Work instruction — Below are the entries; return exactly the line with "3.6 s after image 1." and every later line, without anything else.

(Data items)
========
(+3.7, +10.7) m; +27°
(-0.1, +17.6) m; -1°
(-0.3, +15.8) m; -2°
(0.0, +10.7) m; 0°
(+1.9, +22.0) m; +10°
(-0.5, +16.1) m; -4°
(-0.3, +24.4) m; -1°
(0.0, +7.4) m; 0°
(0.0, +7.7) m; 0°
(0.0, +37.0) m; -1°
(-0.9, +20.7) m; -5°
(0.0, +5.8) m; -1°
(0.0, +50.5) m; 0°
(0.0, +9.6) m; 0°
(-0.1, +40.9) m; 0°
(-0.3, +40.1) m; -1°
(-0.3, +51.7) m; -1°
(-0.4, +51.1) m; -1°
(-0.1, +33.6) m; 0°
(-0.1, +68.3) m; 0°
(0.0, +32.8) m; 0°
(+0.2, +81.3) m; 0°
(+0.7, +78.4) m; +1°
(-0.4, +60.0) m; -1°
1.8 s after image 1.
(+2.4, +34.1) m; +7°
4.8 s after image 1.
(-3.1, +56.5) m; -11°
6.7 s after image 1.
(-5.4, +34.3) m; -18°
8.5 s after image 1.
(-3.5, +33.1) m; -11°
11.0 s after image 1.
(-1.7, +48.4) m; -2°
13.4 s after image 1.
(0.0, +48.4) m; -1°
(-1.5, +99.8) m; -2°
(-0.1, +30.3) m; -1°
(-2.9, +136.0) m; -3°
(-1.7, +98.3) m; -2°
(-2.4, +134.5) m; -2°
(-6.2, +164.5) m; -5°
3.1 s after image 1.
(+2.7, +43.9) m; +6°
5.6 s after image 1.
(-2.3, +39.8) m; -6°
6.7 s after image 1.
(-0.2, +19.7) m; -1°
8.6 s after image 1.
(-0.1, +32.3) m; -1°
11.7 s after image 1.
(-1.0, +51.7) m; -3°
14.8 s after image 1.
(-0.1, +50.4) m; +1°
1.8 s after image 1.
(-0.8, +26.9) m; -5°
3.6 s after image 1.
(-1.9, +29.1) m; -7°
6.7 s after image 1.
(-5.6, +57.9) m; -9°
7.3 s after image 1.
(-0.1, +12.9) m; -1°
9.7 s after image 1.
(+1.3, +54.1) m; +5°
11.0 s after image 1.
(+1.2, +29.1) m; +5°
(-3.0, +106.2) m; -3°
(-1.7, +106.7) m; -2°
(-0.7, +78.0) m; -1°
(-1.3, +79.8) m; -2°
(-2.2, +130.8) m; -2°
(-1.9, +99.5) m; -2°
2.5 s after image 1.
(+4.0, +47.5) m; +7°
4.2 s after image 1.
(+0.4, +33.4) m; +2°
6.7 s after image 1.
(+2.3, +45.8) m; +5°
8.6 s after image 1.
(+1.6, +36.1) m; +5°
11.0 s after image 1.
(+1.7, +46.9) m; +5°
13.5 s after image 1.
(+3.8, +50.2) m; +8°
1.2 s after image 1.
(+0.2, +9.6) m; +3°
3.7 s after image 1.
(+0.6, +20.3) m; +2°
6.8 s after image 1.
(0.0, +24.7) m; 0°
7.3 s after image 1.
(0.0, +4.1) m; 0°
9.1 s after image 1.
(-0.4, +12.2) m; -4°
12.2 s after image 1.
========
Worked solution —
3.6 s after image 1.
(-1.9, +29.1) m; -7°
6.7 s after image 1.
(-5.6, +57.9) m; -9°
7.3 s after image 1.
(-0.1, +12.9) m; -1°
9.7 s after image 1.
(+1.3, +54.1) m; +5°
11.0 s after image 1.
(+1.2, +29.1) m; +5°
(-3.0, +106.2) m; -3°
(-1.7, +106.7) m; -2°
(-0.7, +78.0) m; -1°
(-1.3, +79.8) m; -2°
(-2.2, +130.8) m; -2°
(-1.9, +99.5) m; -2°
2.5 s after image 1.
(+4.0, +47.5) m; +7°
4.2 s after image 1.
(+0.4, +33.4) m; +2°
6.7 s after image 1.
(+2.3, +45.8) m; +5°
8.6 s after image 1.
(+1.6, +36.1) m; +5°
11.0 s after image 1.
(+1.7, +46.9) m; +5°
13.5 s after image 1.
(+3.8, +50.2) m; +8°
1.2 s after image 1.
(+0.2, +9.6) m; +3°
3.7 s after image 1.
(+0.6, +20.3) m; +2°
6.8 s after image 1.
(0.0, +24.7) m; 0°
7.3 s after image 1.
(0.0, +4.1) m; 0°
9.1 s after image 1.
(-0.4, +12.2) m; -4°
12.2 s after image 1.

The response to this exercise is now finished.